Methods: In this multicenter, randomized, open-label, investigator-initiated clinical trial, we randomly assigned 69 survivors of OHCA without STEMI to undergo immediate CAG or deferred CAG. The primary efficacy endpoint was a composite of in-hospital survival free of severe dependence. The safety endpoint was a composite of major adverse cardiac events including death, reinfarction, bleeding, and ventricular arrhythmias.

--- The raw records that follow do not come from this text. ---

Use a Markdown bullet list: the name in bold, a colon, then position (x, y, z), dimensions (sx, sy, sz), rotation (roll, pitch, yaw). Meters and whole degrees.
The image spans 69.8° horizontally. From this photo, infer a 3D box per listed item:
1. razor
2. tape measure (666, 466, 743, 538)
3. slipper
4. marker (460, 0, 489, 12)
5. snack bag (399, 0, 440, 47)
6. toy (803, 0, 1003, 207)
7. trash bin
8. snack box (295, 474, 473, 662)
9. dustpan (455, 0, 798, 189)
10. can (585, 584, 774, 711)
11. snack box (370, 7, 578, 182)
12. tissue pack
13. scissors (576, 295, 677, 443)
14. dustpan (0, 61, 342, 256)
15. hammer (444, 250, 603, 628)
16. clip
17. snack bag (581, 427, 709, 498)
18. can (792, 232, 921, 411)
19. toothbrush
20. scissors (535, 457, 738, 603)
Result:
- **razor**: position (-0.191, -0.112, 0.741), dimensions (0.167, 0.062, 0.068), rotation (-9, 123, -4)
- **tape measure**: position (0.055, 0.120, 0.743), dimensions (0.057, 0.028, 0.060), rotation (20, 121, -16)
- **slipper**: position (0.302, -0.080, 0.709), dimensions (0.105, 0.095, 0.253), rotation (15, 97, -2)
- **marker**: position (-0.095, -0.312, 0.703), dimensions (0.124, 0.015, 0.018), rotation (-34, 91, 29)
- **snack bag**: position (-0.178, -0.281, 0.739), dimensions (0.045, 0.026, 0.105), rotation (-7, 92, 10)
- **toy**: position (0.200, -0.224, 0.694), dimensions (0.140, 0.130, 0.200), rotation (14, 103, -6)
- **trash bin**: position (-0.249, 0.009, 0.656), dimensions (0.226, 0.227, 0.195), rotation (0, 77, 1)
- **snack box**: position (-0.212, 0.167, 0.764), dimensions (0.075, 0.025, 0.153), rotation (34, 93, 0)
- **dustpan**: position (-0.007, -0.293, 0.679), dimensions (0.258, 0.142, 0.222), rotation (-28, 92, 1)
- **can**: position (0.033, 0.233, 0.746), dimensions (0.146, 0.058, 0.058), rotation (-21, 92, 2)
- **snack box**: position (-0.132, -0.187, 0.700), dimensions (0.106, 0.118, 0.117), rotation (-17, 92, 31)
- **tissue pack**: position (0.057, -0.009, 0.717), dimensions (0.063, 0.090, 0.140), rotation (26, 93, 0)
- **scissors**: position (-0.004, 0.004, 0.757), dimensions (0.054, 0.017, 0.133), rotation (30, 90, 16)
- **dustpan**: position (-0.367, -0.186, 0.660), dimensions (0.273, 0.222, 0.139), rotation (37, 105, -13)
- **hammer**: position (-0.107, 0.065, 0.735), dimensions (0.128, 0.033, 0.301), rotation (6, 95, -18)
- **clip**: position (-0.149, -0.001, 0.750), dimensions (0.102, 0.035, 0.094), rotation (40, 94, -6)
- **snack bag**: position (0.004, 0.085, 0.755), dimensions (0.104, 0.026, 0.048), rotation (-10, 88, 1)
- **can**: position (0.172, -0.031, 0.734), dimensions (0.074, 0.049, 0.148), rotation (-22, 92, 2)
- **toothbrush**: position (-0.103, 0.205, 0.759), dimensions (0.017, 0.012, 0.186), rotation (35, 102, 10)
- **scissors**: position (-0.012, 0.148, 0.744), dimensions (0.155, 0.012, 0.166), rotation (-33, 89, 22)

Results: A total of 66 patients were included in the primary analysis (95.7%). In-hospital survival was 62.5% in the immediate CAG group and 58.8% in the delayed CAG group (HR, 0.96; 95%CI, 0.45-2.09; P=.93). In-hospital survival free of severe dependence was 59.4% in the immediate CAG group and 52.9% in the delayed CAG group (HR, 1.29; 95%CI, 0.60-2.73; P=.4986). No differences were found in the secondary endpoints except for the incidence of acute kidney failure, which was more frequent in the immediate CAG group (15.6% vs 0%, P=.002) and infections, which were higher in the delayed CAG group (46.9% vs 73.5%, P=.003).

Conclusions: In this underpowered randomized trial involving patients resuscitated after OHCA without STEMI, immediate CAG provided no benefit in terms of survival without neurological impairment compared with delayed CAG.

Clinicaltrials: gov Identifier: NCT02641626.